JAKARTA - Menteri Lingkungan Hidup (LH) sekaligus Kepala Badan Pengendalian Lingkungan Hidup (BPLH), Hanif Faisol Nurofiq, meminta jajarannya memperketat penegakan hukum dalam pengelolaan tempat pemrosesan akhir (TPA).
Dalam Rapat Koordinasi Pengawas Lingkungan Hidup (PLH) dan Penyidik Pegawai Negeri Sipil (PPNS) Sektor Lingkungan Hidup pada Kamis (16/1/25), Hanif menekankan pentingnya kesamaan persepsi dalam pengawasan dan penegakan hukum terkait pengelolaan sampah.
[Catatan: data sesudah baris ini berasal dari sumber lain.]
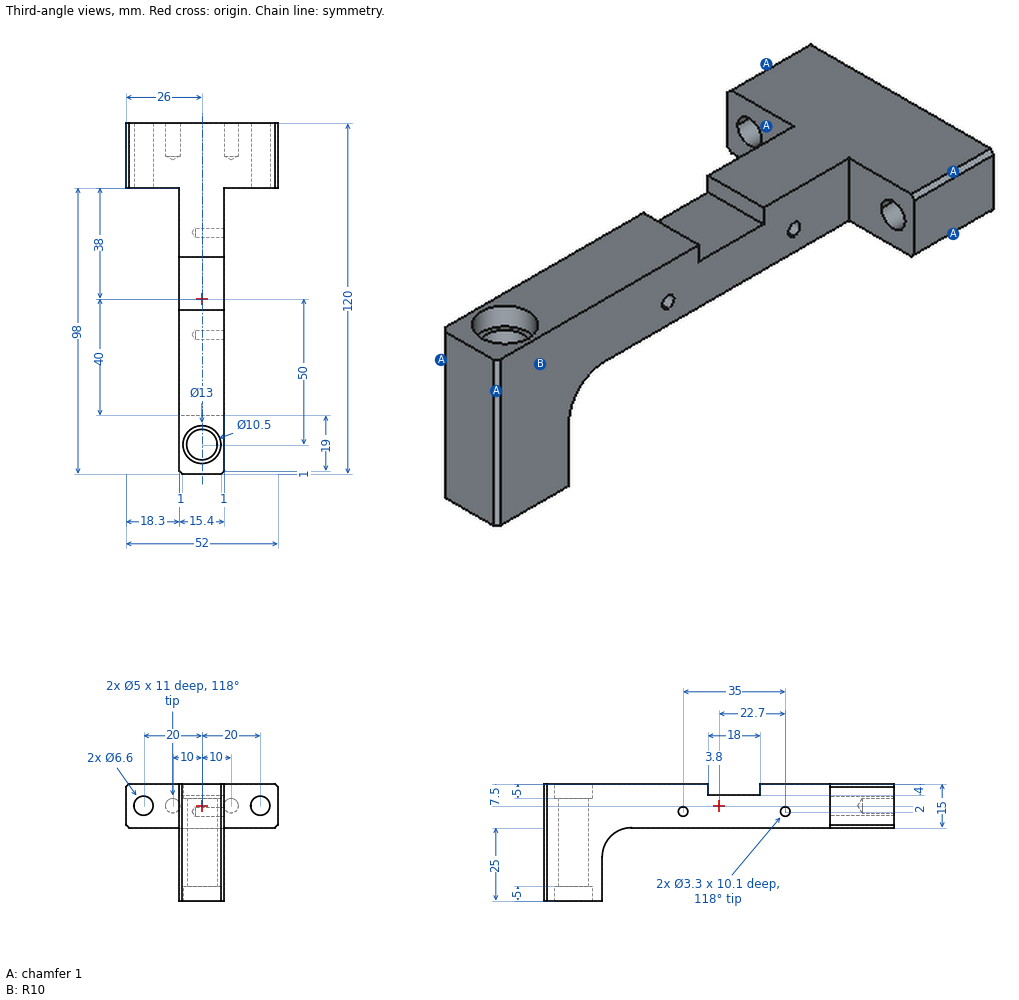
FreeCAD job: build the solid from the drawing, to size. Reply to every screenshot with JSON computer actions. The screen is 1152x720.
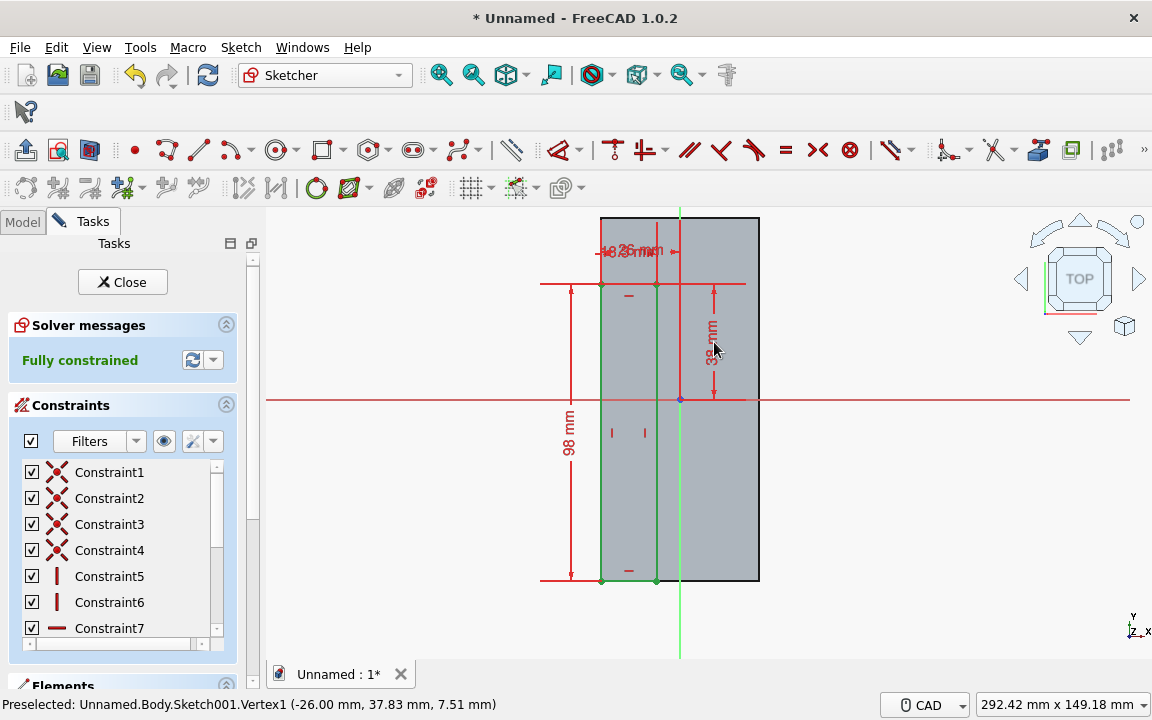
{"action": "left_click", "coordinate": [123, 282]}

"Sebagian besar TPA di Indonesia masih menggunakan sistem open dumping, yang menyebabkan pencemaran air tanah, emisi gas metana, serta dampak kesehatan bagi masyarakat sekitar. Oleh karena itu, penegakan hukum harus diperkuat," ujar Hanif dalam keterangan yang diterima di Jakarta, Sabtu (18/1/25).
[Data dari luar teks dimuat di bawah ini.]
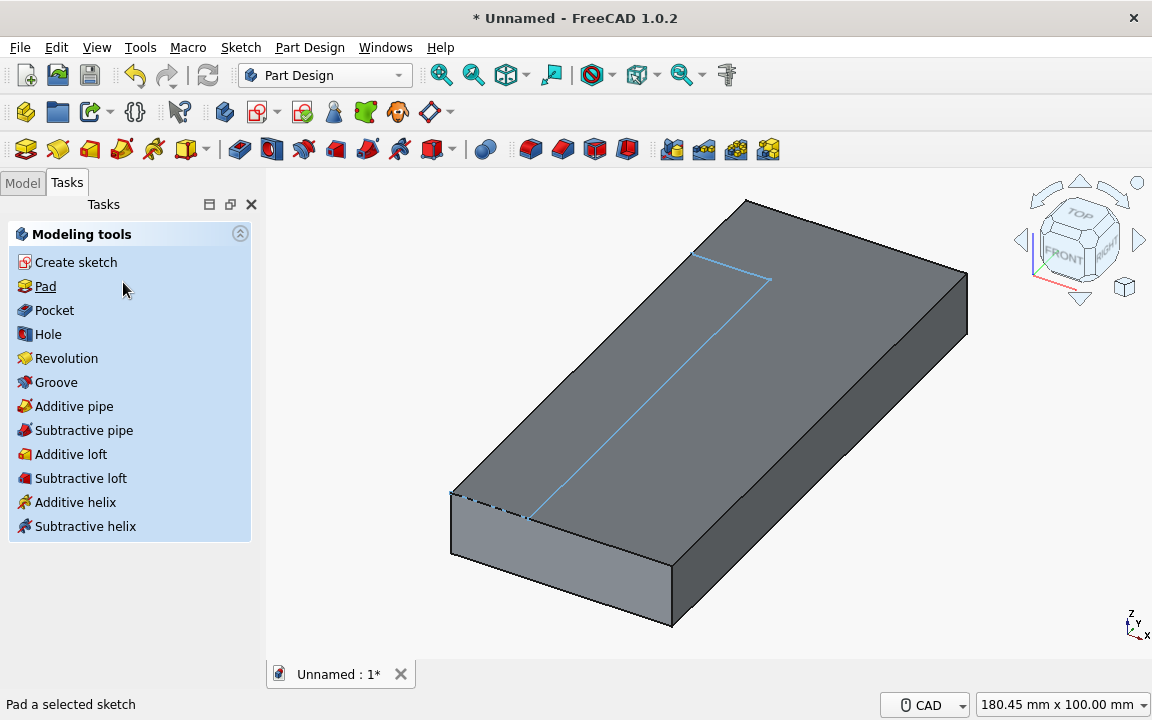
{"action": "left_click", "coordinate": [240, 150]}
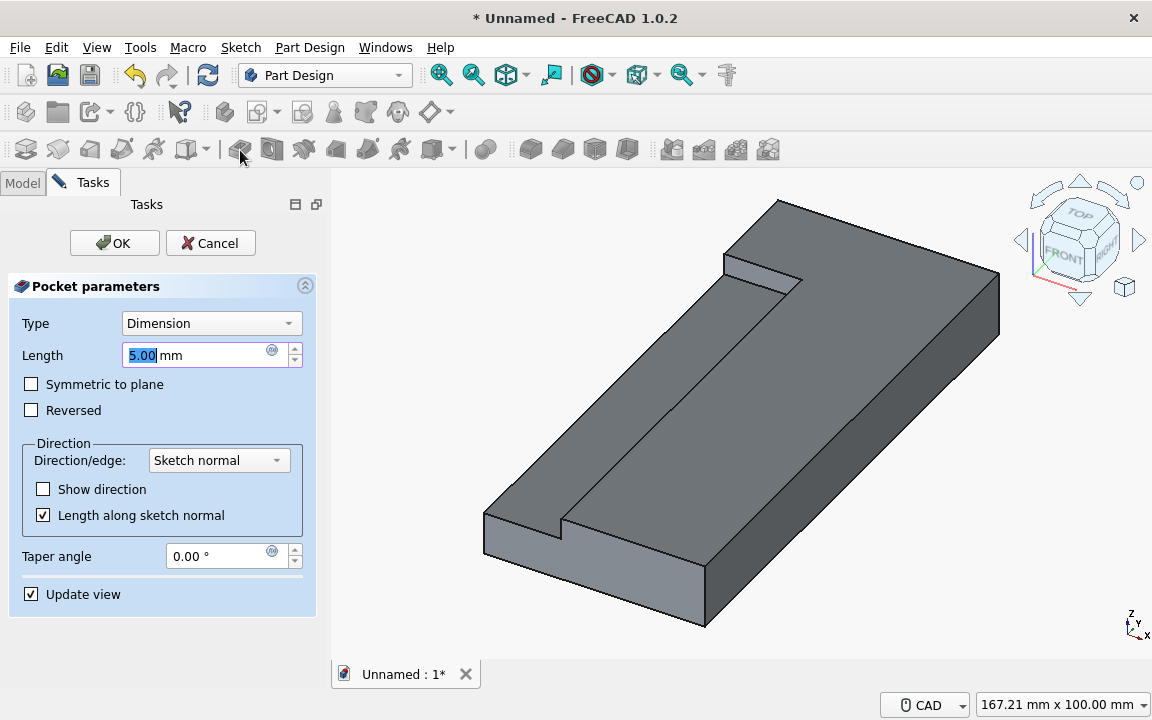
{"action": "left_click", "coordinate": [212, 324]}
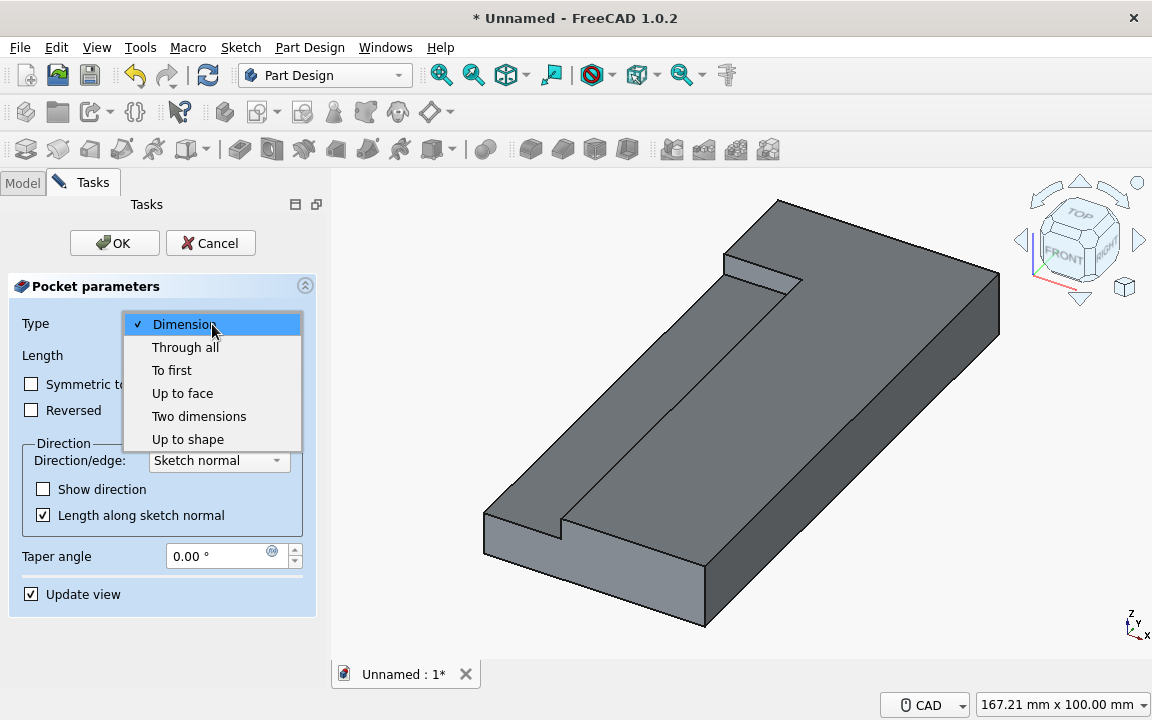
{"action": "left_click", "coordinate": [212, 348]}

Rapat tersebut menjadi tindak lanjut dari surat Menteri LH kepada gubernur, bupati, dan wali kota pada 8 November 2024, yang meminta pembenahan TPA yang masih menerapkan sistem pembuangan terbuka. Jika tidak dilakukan perbaikan, pemerintah daerah berisiko dikenai sanksi sesuai dengan peraturan perundang-undangan.
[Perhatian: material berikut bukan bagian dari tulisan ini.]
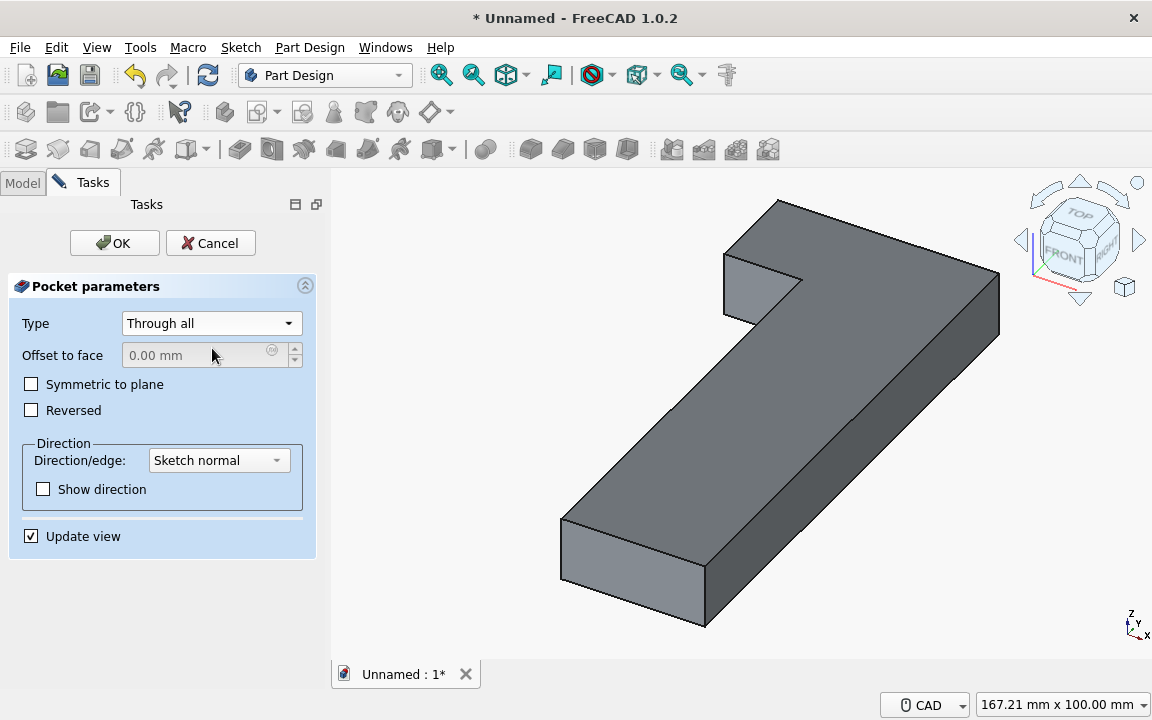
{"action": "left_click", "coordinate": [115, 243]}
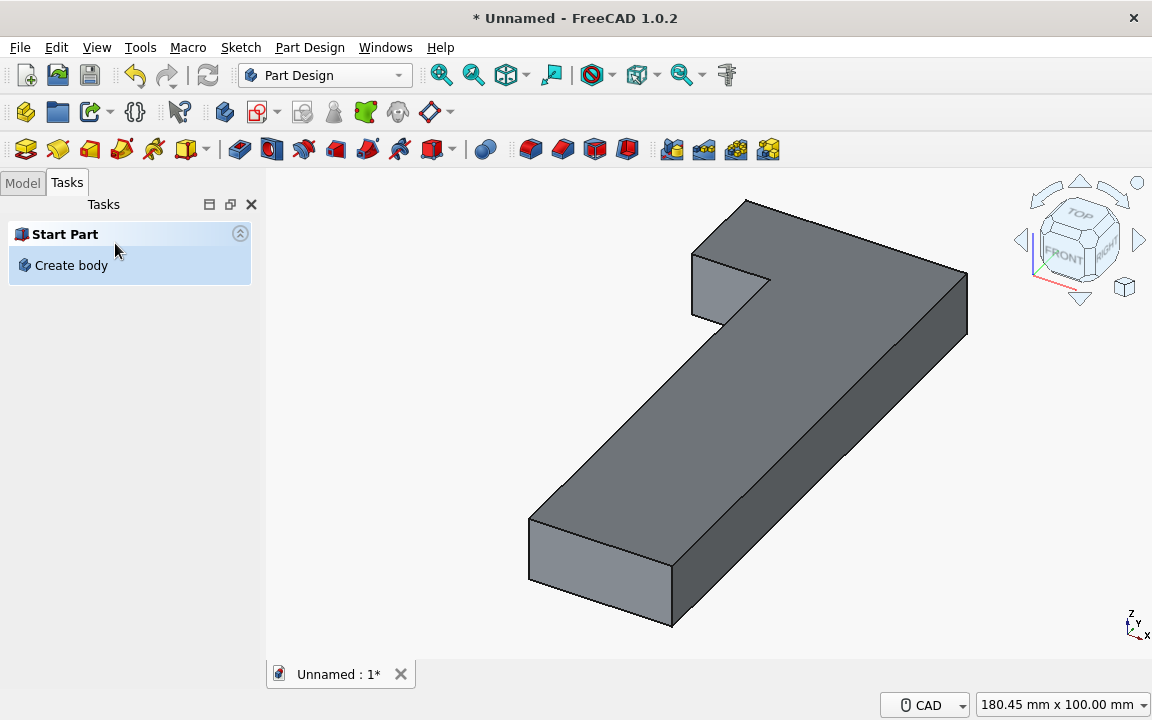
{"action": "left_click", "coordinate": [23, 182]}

Rapat juga bertujuan meningkatkan kapasitas PLH dan PPNS dalam menangani pengelolaan sampah sesuai dengan Undang-Undang Nomor 32 Tahun 2009 tentang Perlindungan dan Pengelolaan Lingkungan Hidup serta Undang-Undang Nomor 18 Tahun 2008 tentang Pengelolaan Sampah.
Selain itu, Hanif menyoroti lima aspek utama yang harus menjadi perhatian pemerintah dalam pengelolaan sampah, perilaku masyarakat, yaitu meningkatkan kesadaran dan partisipasi masyarakat, saran prasarana yaitu penyediaan infrastruktur pengelolaan sampah yang memadai.
Kemudian, anggaran, yaitu pengalokasian dana untuk pengelolaan sampah, sumber daya manusia, yaitu peningkatan kapasitas dan kompetensi tenaga pengelola, serta penegakan hukum dengan menguatkan efek jera bagi pelanggar.
Sementara itu, Deputi Bidang Penegakan Hukum Lingkungan Hidup, Rizal Irawan, menegaskan bahwa pihaknya akan menindak tegas pelanggaran dalam pengelolaan sampah.
"Kami akan menerapkan sanksi administratif, penyelesaian sengketa, hingga hukum pidana untuk memastikan pengelolaan sampah dilakukan secara bertanggung jawab," ujar Rizal.
Ia menambahkan, langkah ini bertujuan untuk melindungi kesehatan masyarakat serta menjaga kelestarian lingkungan hidup.